Once the growth of the crystals is finished, the MoO3 flakes are firstly exfoliated onto a polydimethylsiloxane (PDMS) (Gel-Film WF x4 6.0 mil, by Gelpak®) and then transferred onto a 297 nm SiO2/Si substrate using a deterministic transfer method76,77.

Scanning transmission electron microscopy

For the scanning transmission electron microscope characterization, we used an aberration-corrected JEOL JEM-ARM 200cF electron microscope operated at 80 kV, equipped with a cold field emission gun and an Oxford Instruments EDS spectrometer.

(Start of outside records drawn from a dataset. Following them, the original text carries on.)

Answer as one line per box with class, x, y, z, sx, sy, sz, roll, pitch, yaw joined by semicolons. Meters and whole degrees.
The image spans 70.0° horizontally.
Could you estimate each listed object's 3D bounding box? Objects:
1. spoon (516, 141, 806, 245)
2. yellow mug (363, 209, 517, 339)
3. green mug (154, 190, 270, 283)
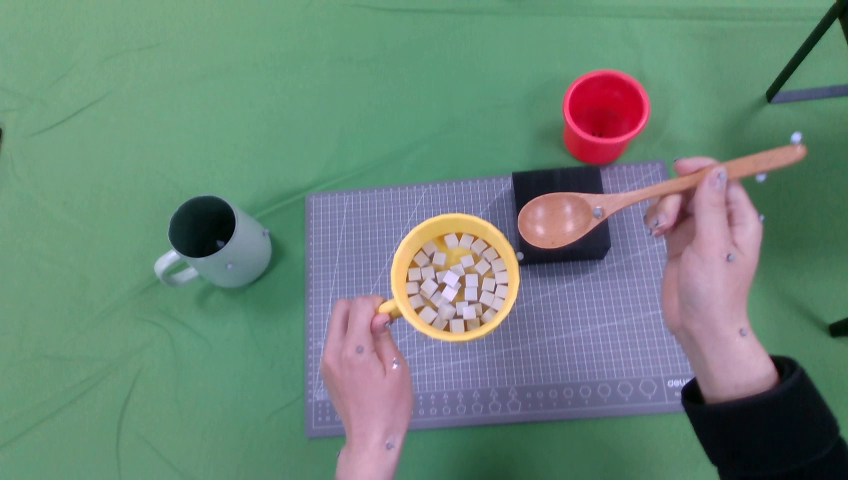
spoon;0.159;-0.035;0.419;0.193;0.022;0.041;-15;77;18
yellow mug;0.010;0.037;0.492;0.131;0.064;0.099;-26;80;1
green mug;-0.251;0.007;0.706;0.125;0.105;0.092;-36;73;-7
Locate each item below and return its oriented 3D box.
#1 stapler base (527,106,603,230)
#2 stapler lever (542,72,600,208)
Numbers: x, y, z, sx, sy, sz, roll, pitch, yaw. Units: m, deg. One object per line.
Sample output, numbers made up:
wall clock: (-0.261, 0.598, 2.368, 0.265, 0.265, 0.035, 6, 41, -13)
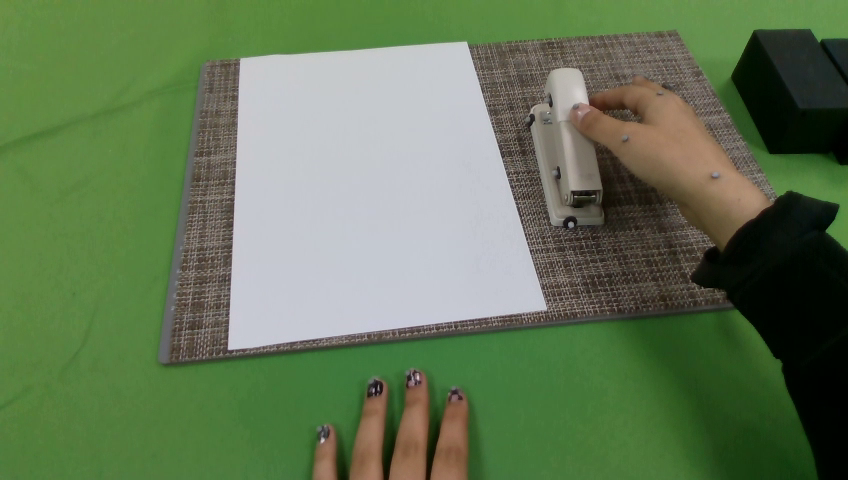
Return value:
stapler base: (0.111, -0.066, 0.481, 0.041, 0.024, 0.129, -4, 55, 0)
stapler lever: (0.111, -0.079, 0.460, 0.027, 0.040, 0.117, -4, 55, 1)
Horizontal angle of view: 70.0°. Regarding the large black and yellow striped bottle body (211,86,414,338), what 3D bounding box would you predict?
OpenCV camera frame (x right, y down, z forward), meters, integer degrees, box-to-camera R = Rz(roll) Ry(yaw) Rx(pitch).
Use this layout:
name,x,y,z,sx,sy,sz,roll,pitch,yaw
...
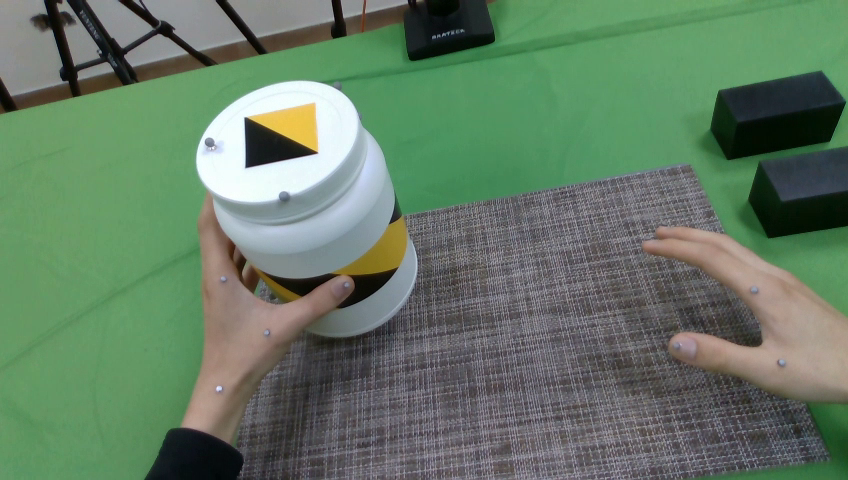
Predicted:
name,x,y,z,sx,sy,sz,roll,pitch,yaw
large black and yellow striped bottle body,-0.086,-0.017,0.486,0.130,0.186,0.129,-5,55,8

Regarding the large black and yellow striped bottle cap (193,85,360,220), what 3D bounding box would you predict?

Optical microscopy and spectroscopy

Optical microscopy images were acquired using a Motic BA310 MET-T microscope equipped with a 50 × 0.55 NA objective and an AMScope MU1803 CMOS Camera. Reflection spectra were collected from a spot of ~1.5–2 µm diameter with a Thorlabs CCS200/M fiber-coupled spectrometer (Thorlabs Inc., Newton, New Jersey, United States). More details about the micro-reflectance setup can be found in Reference78.

Raman spectroscopy

Raman characterization of MoO3 flakes on 297 nm SiO2/Si substrates were carried out with a confocal Raman microscopy system (MonoVista CRS+ from Spectroscopy & Imaging GmbH) using a 532 nm excitation laser with an incident power of 1.234 mW and a 100× objective with the integration time of 20 s.

Numerical methods

We have analyzed the optical and elastic properties of MoO3 using the YAMBO and Quantum Espresso suite of programs79,80,81. For the electronic structure calculation we have used the generalized gradient approximation in the PBE parametrization for the exchange-correlation energy with a plane wave cut-off of 60 Ry82. The electronic structure calculations are performed on a Monkhorst-Pack grid of 8 × 8 × 8 points. We have chosen norm-conserving pseudo potentials in the SG15 database83.

For the elastic properties, we have used the thermo_pw code from the Quantum Espresso suite84. The elastic properties agree when we used either norm-converting or ultra-soft pseudo potentials.